▶ Information given
* * * * *

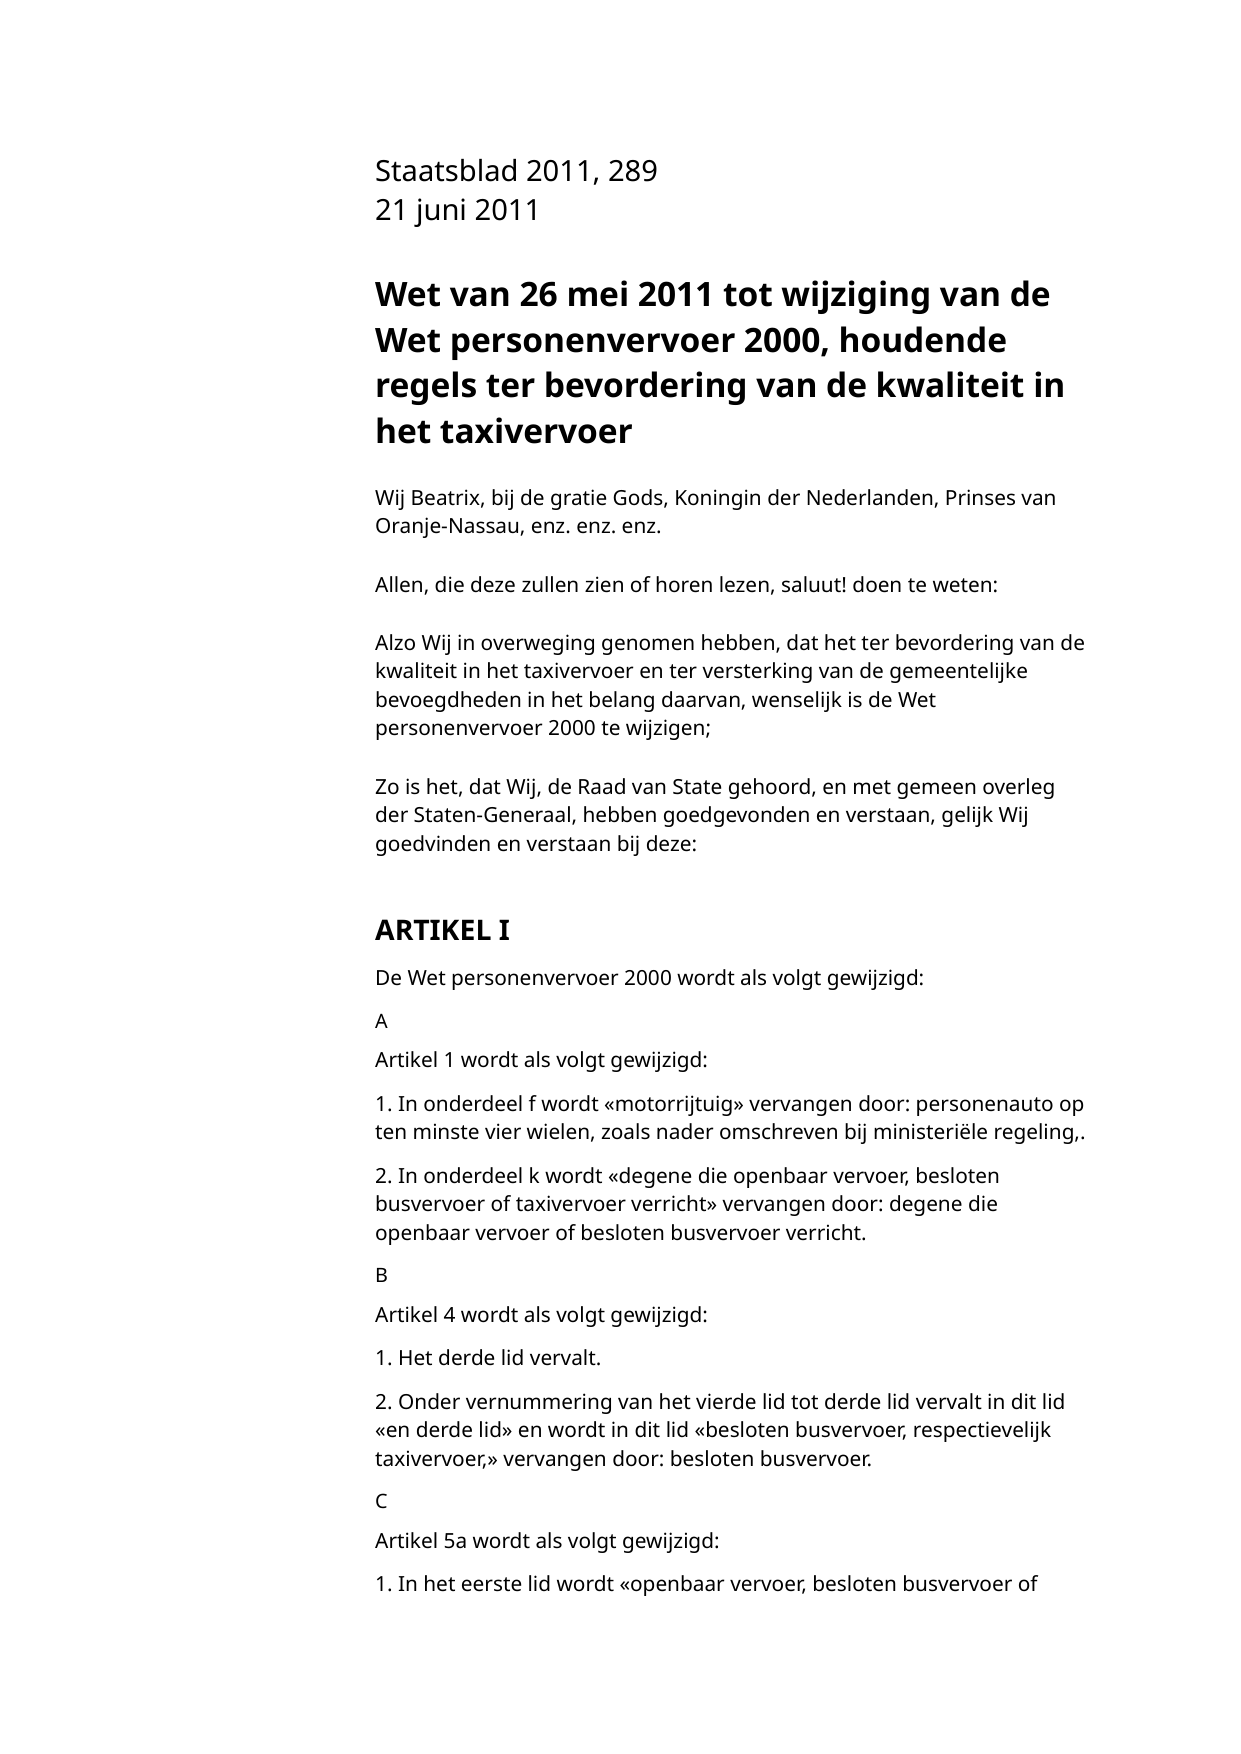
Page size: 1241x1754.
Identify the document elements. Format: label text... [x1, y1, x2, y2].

* * * * *

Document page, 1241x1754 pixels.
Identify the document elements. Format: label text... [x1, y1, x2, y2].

* * * * *

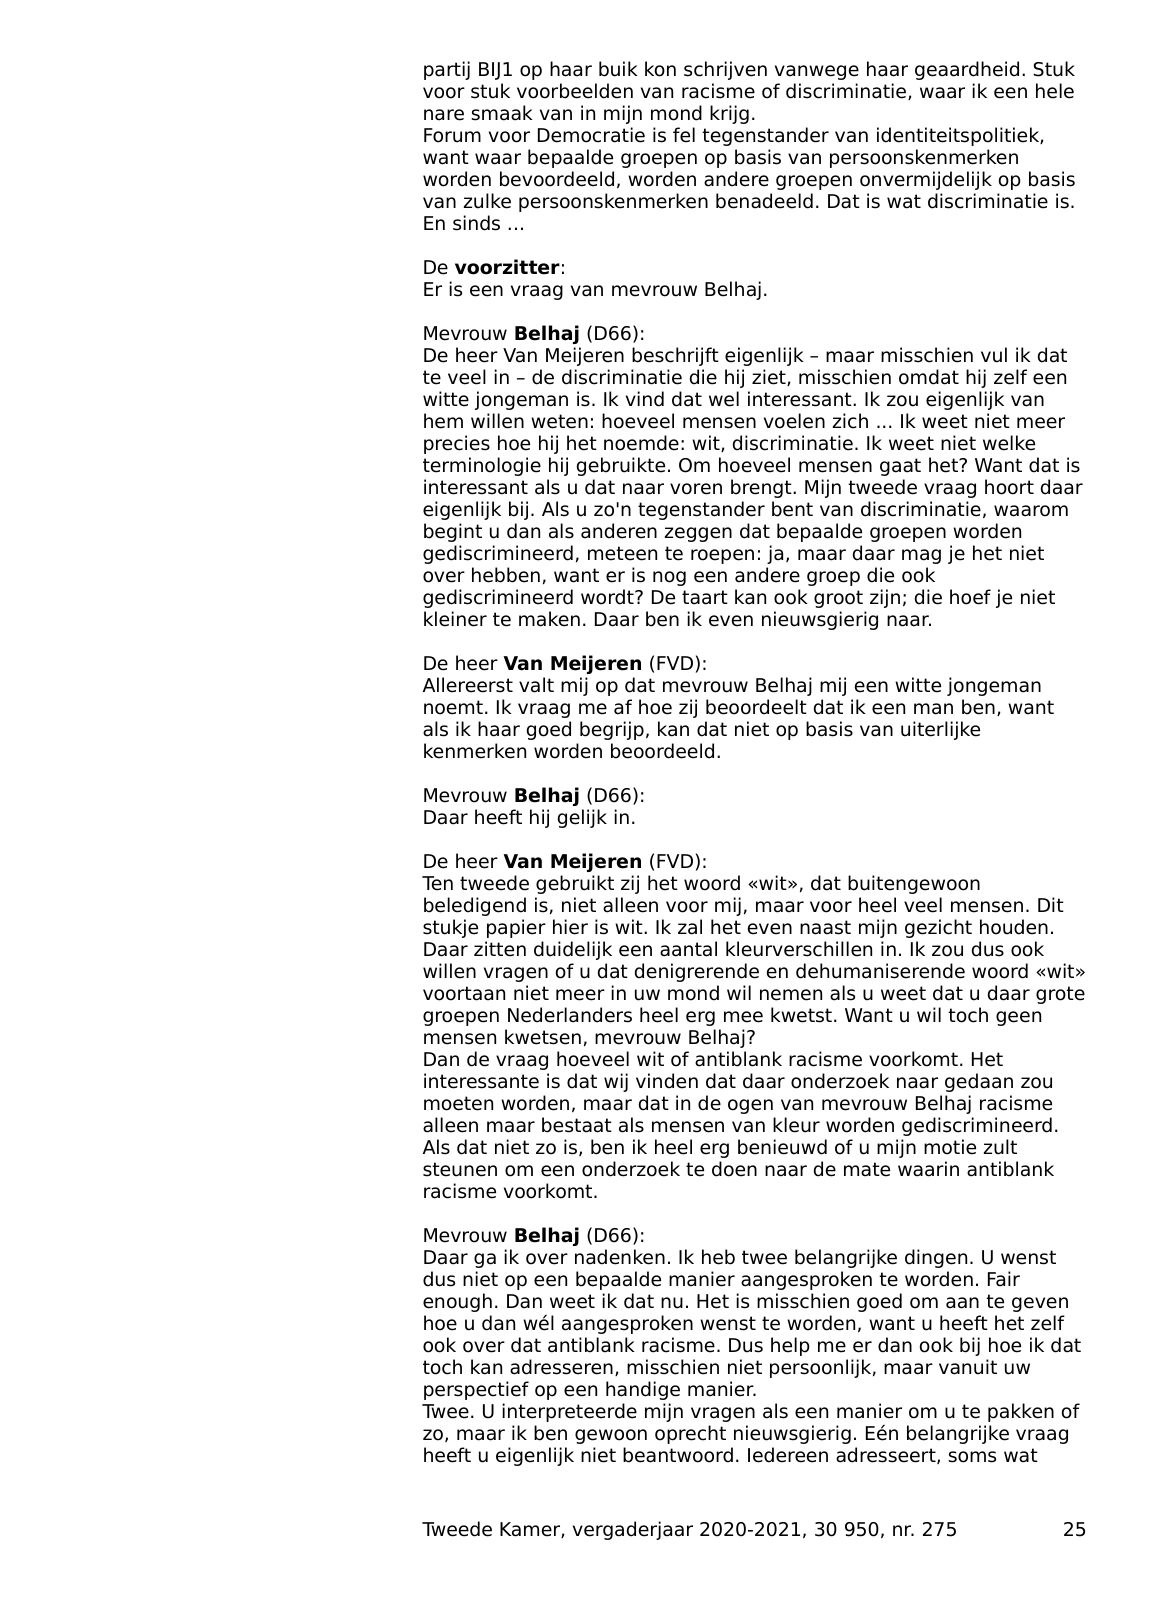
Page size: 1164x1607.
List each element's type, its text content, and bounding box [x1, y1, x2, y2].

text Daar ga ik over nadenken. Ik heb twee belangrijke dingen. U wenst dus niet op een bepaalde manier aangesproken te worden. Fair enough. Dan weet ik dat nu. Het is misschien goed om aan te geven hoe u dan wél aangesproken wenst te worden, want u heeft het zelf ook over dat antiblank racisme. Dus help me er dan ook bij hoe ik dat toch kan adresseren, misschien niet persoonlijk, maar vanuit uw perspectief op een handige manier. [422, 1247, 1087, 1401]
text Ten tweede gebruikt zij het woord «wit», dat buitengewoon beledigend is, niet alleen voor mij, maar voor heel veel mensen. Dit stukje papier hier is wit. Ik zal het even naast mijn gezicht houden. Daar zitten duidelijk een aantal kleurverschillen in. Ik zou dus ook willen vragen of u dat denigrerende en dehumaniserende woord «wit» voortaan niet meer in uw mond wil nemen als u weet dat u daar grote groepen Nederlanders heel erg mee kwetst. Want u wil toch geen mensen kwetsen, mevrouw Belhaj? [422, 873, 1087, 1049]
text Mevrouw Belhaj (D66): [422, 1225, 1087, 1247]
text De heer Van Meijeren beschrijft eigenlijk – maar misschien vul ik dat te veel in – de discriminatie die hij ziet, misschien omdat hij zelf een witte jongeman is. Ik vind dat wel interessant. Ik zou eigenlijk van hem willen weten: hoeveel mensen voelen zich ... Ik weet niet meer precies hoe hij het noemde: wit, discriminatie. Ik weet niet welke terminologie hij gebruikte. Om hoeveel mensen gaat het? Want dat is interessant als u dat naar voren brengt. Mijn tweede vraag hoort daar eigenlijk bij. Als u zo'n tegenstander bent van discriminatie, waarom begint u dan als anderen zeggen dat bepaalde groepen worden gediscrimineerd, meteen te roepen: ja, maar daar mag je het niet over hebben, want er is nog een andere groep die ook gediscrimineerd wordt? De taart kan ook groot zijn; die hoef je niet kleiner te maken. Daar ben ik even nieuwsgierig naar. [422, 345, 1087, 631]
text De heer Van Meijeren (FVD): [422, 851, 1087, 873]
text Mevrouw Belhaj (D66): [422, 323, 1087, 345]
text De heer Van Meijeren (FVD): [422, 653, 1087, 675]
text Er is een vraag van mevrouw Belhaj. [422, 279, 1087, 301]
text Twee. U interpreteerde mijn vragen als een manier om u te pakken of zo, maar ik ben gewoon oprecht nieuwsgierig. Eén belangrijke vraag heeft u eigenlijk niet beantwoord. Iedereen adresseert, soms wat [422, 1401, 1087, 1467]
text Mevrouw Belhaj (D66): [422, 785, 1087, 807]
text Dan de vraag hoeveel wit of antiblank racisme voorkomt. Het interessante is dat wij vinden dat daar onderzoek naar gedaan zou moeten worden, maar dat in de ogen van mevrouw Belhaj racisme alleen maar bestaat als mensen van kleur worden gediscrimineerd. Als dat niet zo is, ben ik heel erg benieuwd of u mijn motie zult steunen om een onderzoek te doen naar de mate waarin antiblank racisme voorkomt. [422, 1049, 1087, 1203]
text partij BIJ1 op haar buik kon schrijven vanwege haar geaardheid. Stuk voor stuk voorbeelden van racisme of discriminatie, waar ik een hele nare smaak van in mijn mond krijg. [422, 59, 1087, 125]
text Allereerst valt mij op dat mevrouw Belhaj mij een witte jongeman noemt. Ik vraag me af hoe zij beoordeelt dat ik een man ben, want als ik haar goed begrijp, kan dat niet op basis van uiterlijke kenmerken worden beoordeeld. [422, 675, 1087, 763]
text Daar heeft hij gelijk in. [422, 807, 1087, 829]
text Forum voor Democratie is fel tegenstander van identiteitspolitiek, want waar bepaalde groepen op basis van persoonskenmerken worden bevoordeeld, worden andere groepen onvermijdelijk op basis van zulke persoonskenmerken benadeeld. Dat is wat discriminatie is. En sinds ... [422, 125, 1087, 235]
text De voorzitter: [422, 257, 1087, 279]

* * * * *

▶ Problem description
Among the lines above, find those that contain the word "size" and copy them.

▶ The answer
Page size: 1241x1754.
Page size: 1164x1607.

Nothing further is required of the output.